Rectification is a specific type of distillation. It consists in multi-stage distillation in the so called rectification column. The liquid and vapour meet in a counter-current, where heat and mass exchange takes place. Rectification requires the return of part of the condensate back to the distillation column.

Crystallisation

The crystallization method is used to isolate the solute from the solution. The first step will be to obtain a saturated solution, i.e. one in which no more substance can be dissolved (under given conditions). In this case, a good way will be to warm the solution. During this process, partial evaporation of the solvent will take place, and therefore its concentration will increase. Heating can be carried out until the first crystals of the substance (crystallization seeds) appear. The resulting hot, saturated solution is enough to be carefully cooled to start the crystallization process, i.e. the precipitation of crystals of the dissolved substance. This is a relatively time-consuming process. It requires slow crystal growth in the process of maturation.
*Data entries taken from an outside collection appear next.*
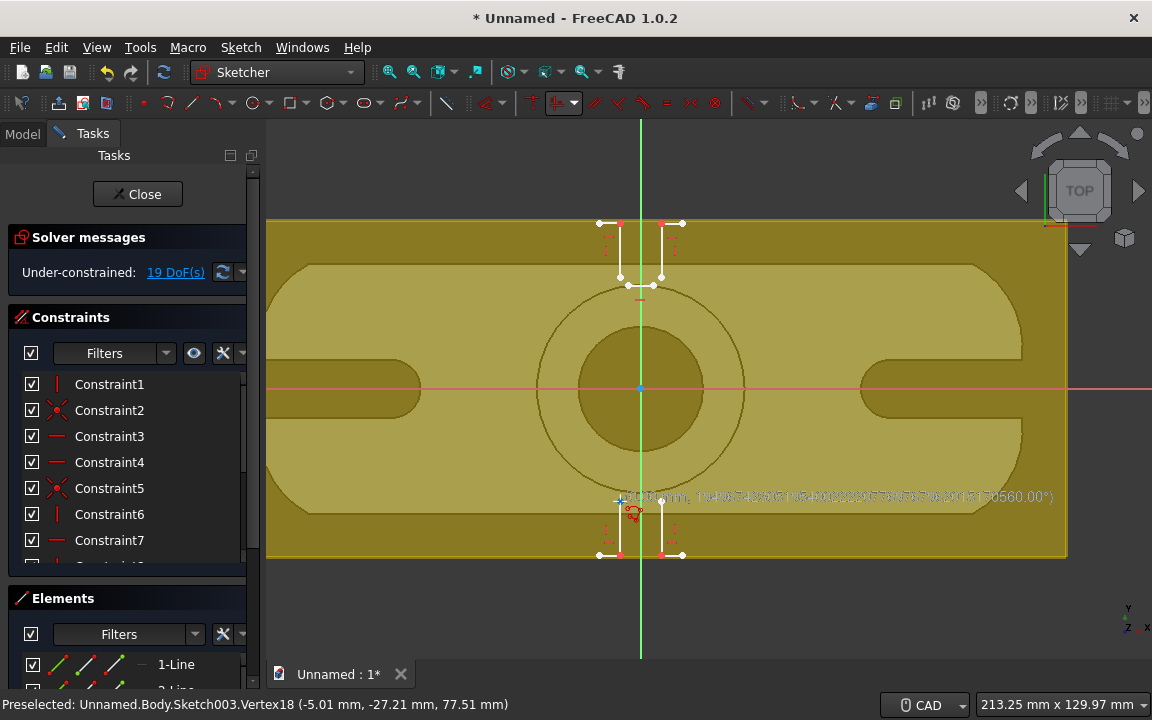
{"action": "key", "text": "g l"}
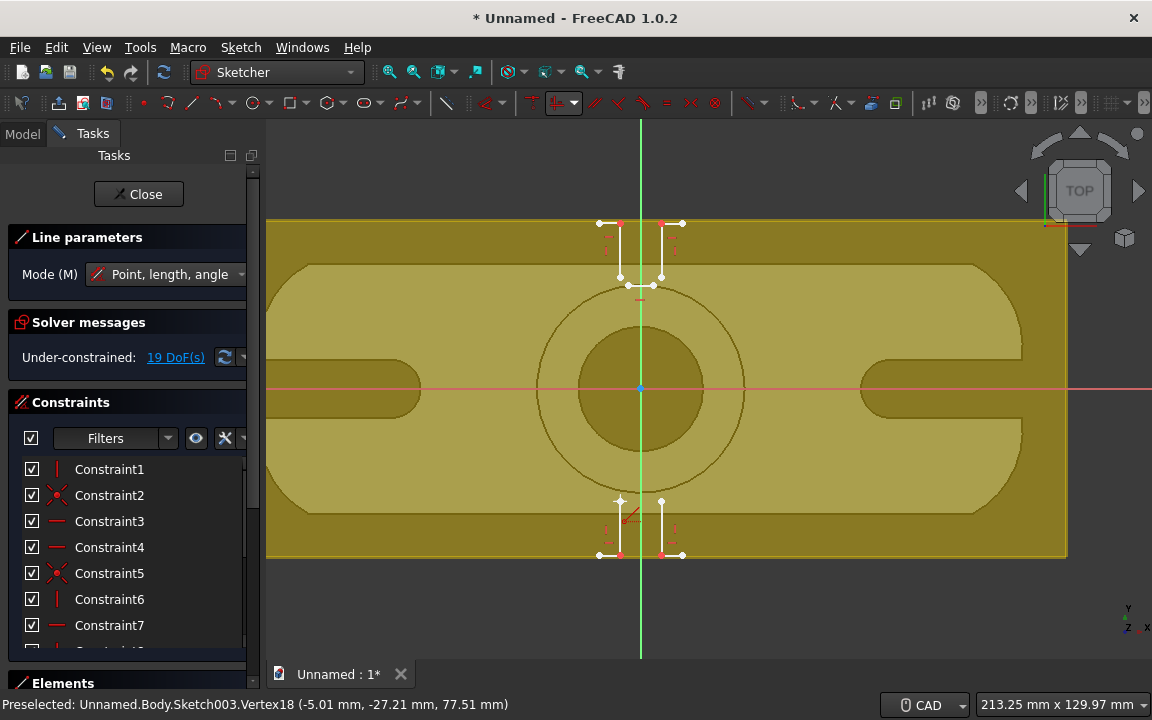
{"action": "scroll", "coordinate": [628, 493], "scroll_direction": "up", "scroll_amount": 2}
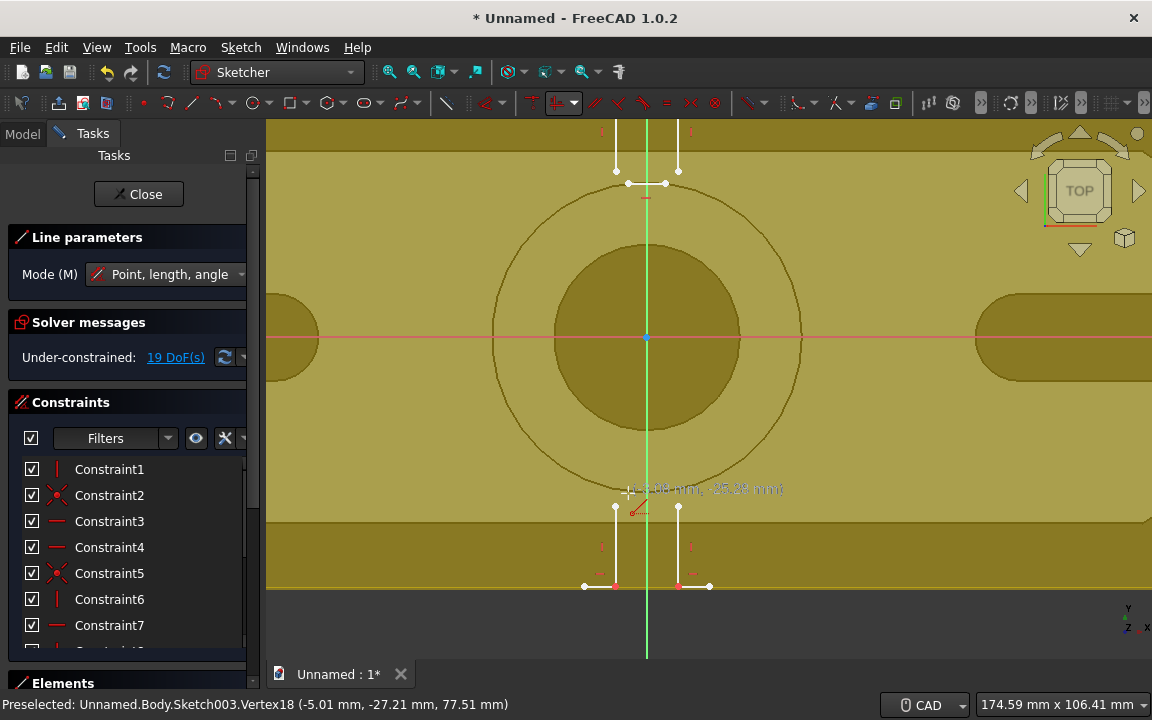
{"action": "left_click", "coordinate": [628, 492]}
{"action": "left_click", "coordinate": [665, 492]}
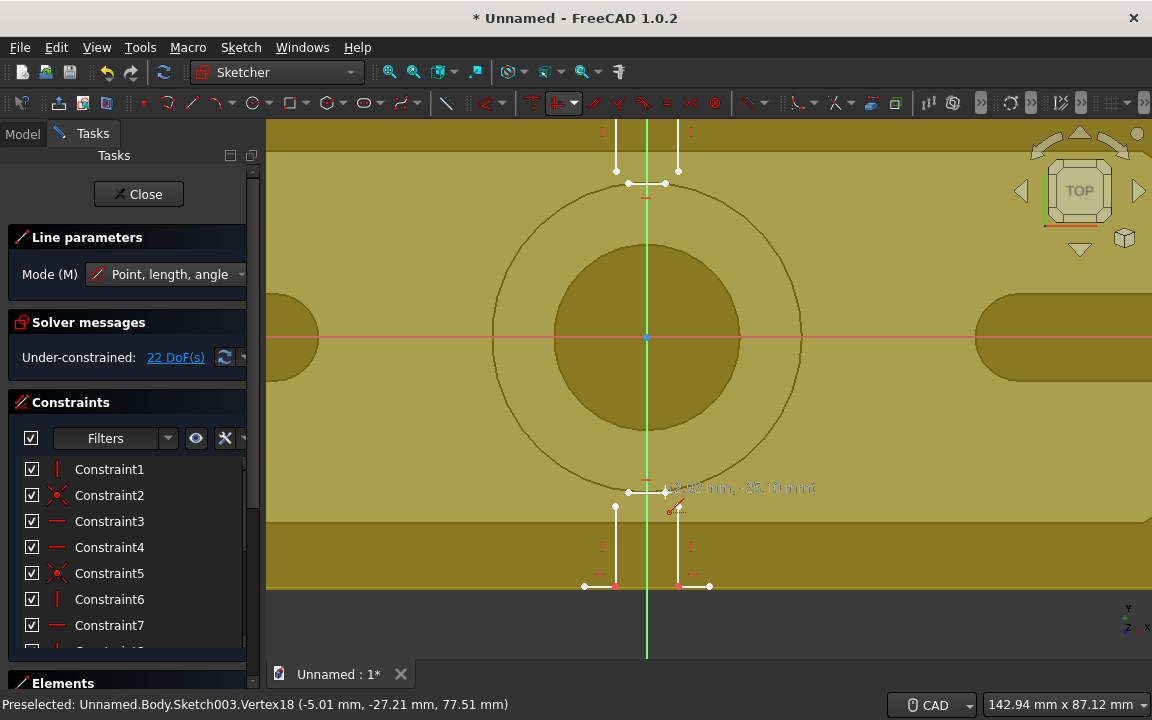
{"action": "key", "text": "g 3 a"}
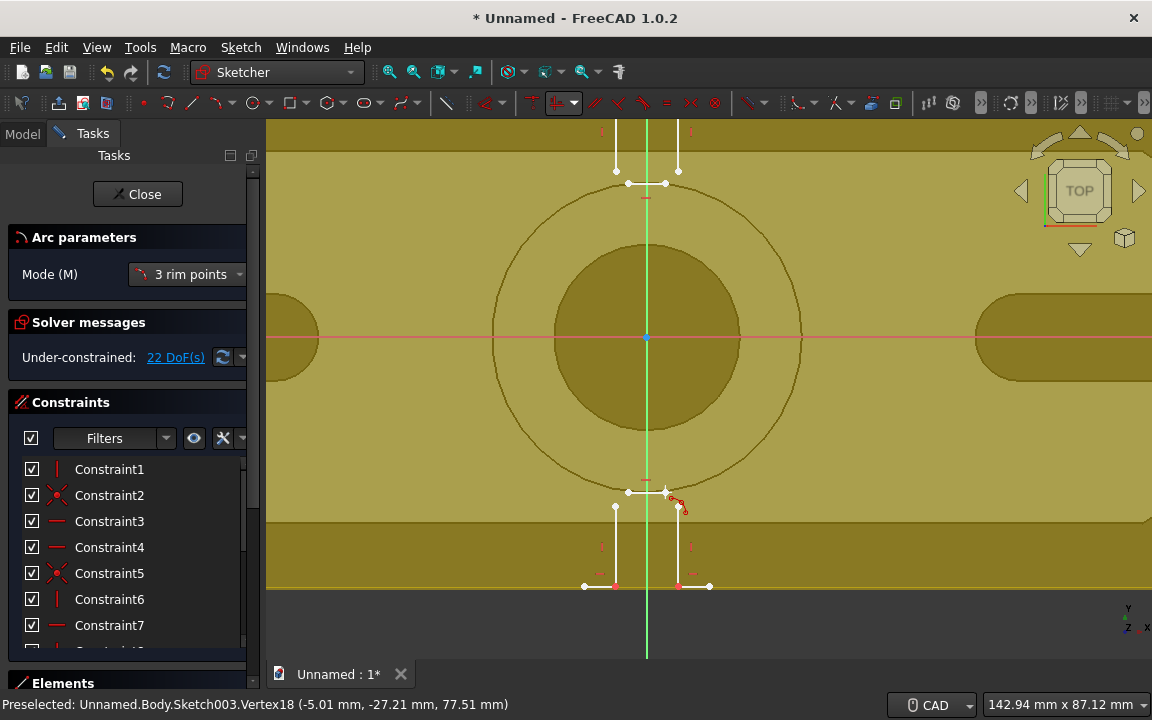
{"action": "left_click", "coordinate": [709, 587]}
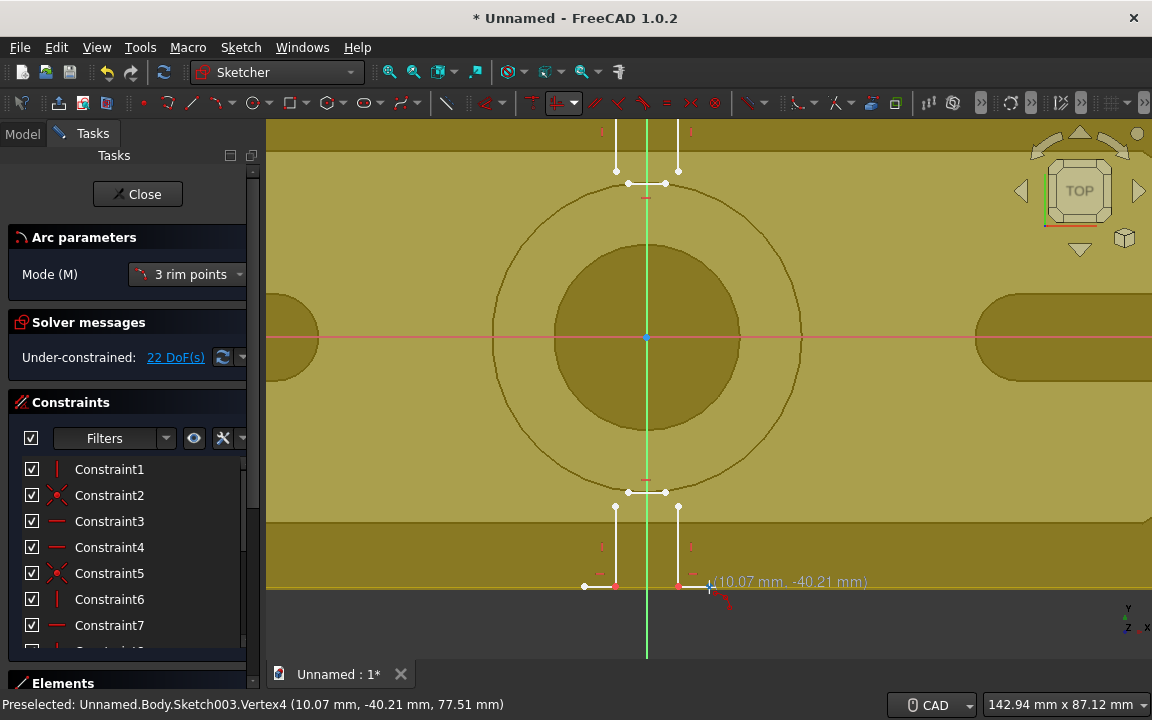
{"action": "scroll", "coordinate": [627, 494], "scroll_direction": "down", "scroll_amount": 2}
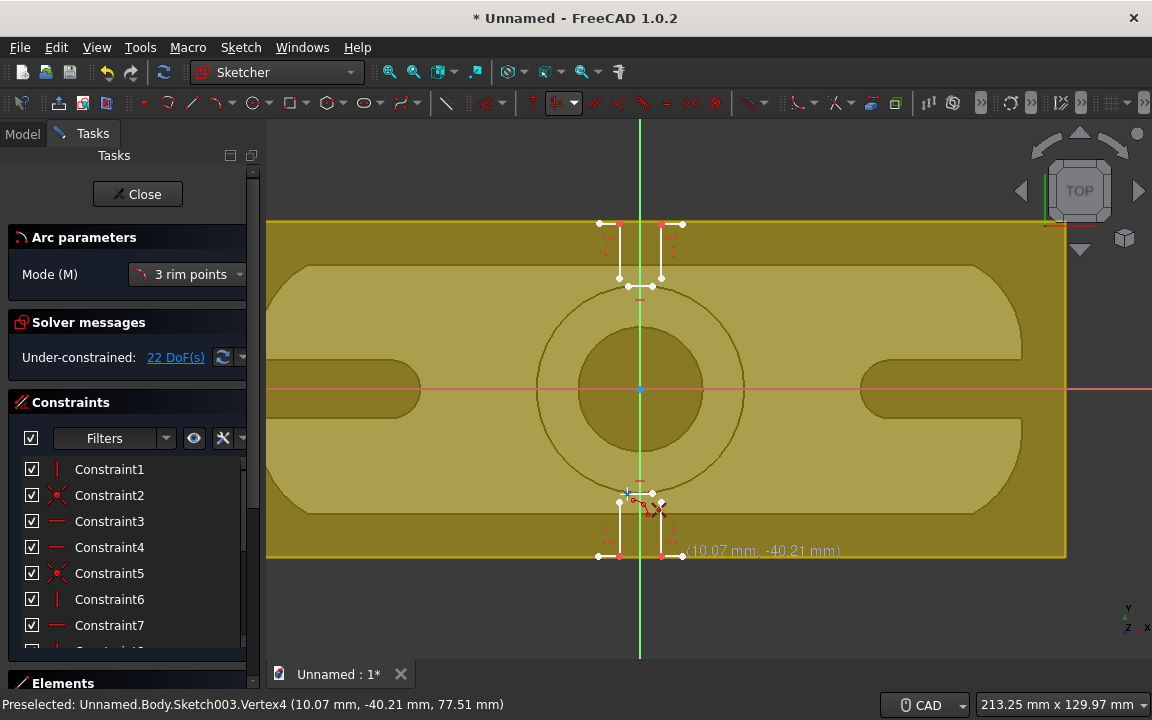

The gradual crystallization process promotes the formation of large crystals of high purity. The resulting crystals must be separated from the solution, i.e. mother liquid, by fluted funnel filtration using a vacuum filter set. It is also necessary to wash them to remove any solid impurities. Sometimes it is necessary to initiate crystallization the process, e.g. by throwing a crystal of the precipitated substance into a saturated solution or by mechanical induction (gently tapping the walls of the vessel with the solution).

Chromatography

Currently, chromatography is one of the most commonly used techniques for separating mixtures in laboratory practice. It is mainly divided into liquid, gas, mobile supercritical, ionic and paper chromatography. The first two of these are the most applicable.

Liquid chromatography

The central part of the liquid chromatograph system is a column filled with a bed on which the proper separation of the mixture components takes place. The tested substances are introduced together with the eluent, i.e. the mobile phase. The individual components of the mixture interact with the bed of the stationary phase with varying intensity. The greater this interaction, the stronger they are retained inside the column and the later they reach the detector. Substances that are not retained elute (wash out with the eluent) first, together with the mobile phase. The proper selection of chromatographic separation parameters, such as the type of bed, composition of the mobile phase, analysis time, temperature, etc., allows for selective and repeatable separation of mixtures.

Gas chromatography

The principle of separation of the components of a mixture in gas chromatography is identical to that in liquid chromatography. In this case, the fundamental change is the gaseous mobile phase (carrier gas). The analysed mixture in the form of a liquid solution is introduced into the dispenser, which is one of the elements of the gas chromatograph. This way it evaporates and is introduced to the chromatographic column together with the carrier gas. After separation in the column, the components go into the detector.